Post by thrasymachus »

ernestm wrote
Nowhere in philosophy is the 98% what can no longer read more than one sentence before needing to state an opinion on social media more evident than miscomprehensions of the cogito.

Descartes' deconstruction of accepted facts in prior philosophical wisdom directly led to the current scientific method, but as the philosophy of science is no longer taught as part of science degrees in the USA, no one knows that either.

Descartes' reconstruction of consciousness from the fact that the act of doubting cannot be doubted is entirely based on induction.

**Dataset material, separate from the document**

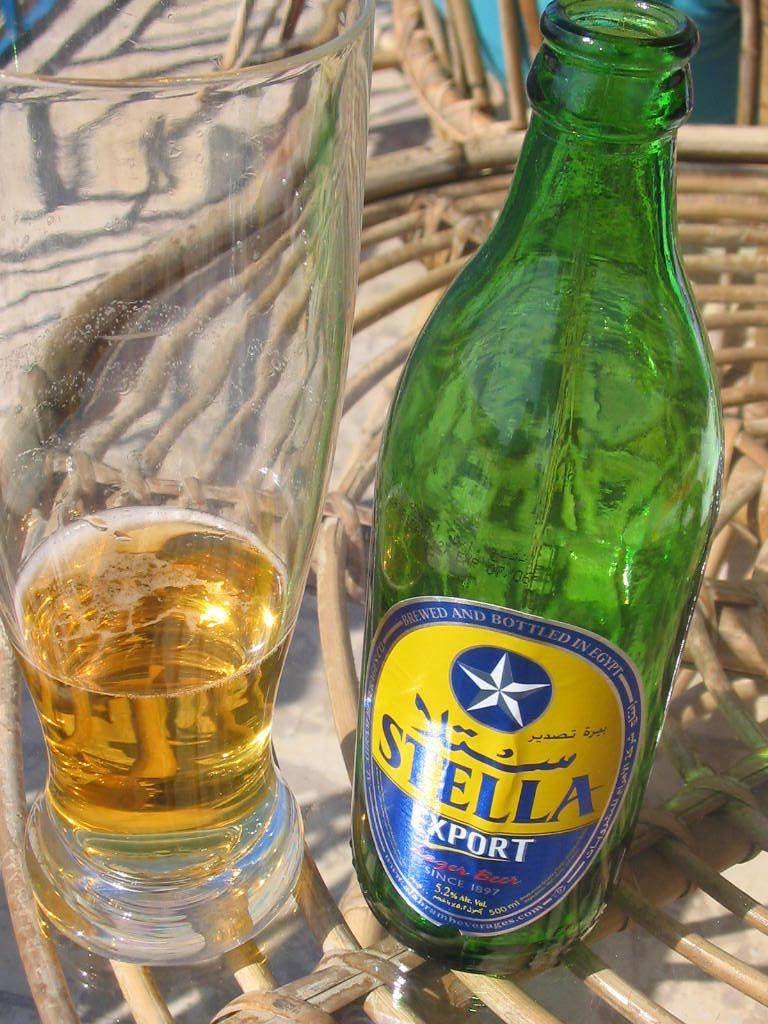What is located at the bottom of the image? There is a table at the bottom of the image. What objects are on the table? There is a bottle and a glass on the table. What is in the glass? The glass is filled with wine. Can you describe the chair in the image? There is a chair in the background of the image. What type of lamp is being used by the farmer in the image? There is no farmer or lamp present in the image. How does the skate interact with the wine in the glass? There is no skate present in the image, and therefore it cannot interact with the wine in the glass. 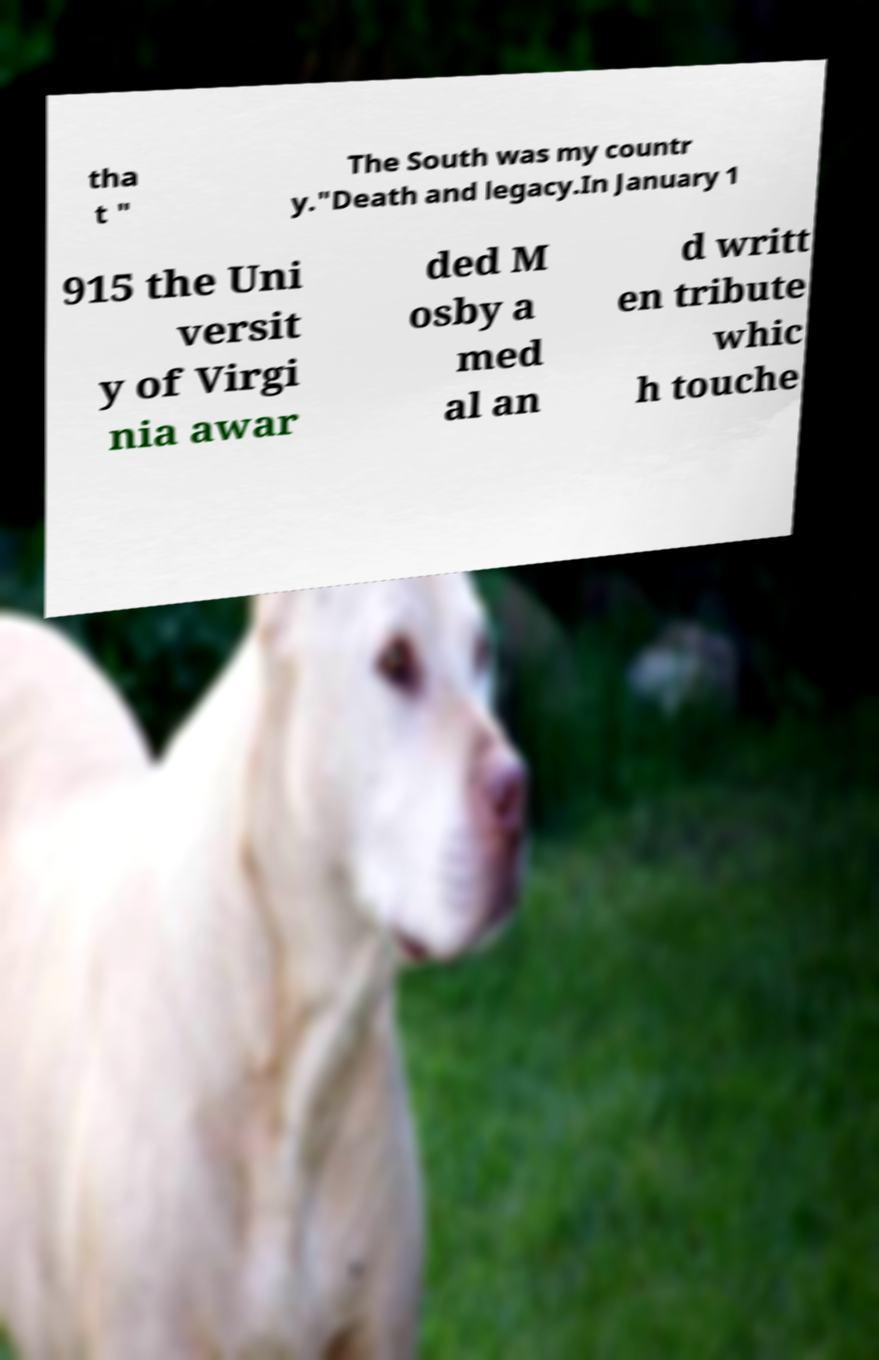There's text embedded in this image that I need extracted. Can you transcribe it verbatim? tha t " The South was my countr y."Death and legacy.In January 1 915 the Uni versit y of Virgi nia awar ded M osby a med al an d writt en tribute whic h touche

As such it is unprovable, and as time has passed, dereliction from faith in the wisdom of others has by this necessary foundation of all rational knowledge led to the ascendance of nihilism and the continuing eradication of higher-order morality than can be established without accepting notions of goodness as intrinsically meaningful.
A couple of things:

The scientific method can be construed in different ways. What do you have in mind? For me, it is the hypothetical deductive method which is not what Descartes had in mind. Here, going into an analytical context assumes a foundation of knowing; thus, what is understood about what lies before you is "deduced" from what Kuhn laid out as paradigmatically established normal science. And anomalies are never qualitatively "other".

then, this doubting that can be doubted, this is, as I know, a post modern insight, notwithstanding the historical skeptical schools (Sextus Empiricus, et al) that has its roots in Nietzsche's perspectivialism. Derrida put the period on skepticism. See his Structure, Sign and Play, for example. This is the devastating attack on any kind of centered thinking. But it is NOT the definitive undoing of metaethics at all. In fact, aside from t he revival of apophatic theology (see Caputo's Weakness of God, e.g.) it forces to light the essence of ethics which is the Good: all talk is without a center, hence the futility of philosophy. But philosophy never had a chance, especially the analytic world that depends on the hypothetical deductive method that only sees what paradigms allow (see the above). Analytic philosophy is transfixed by science and fails to see anything it cannot see (mostly, anyway).
But then, we read Kierkegaard and find a whole new world (if you can stand the Christianity that overwhelms him the way antiChristianality overwhelms Nietzsche).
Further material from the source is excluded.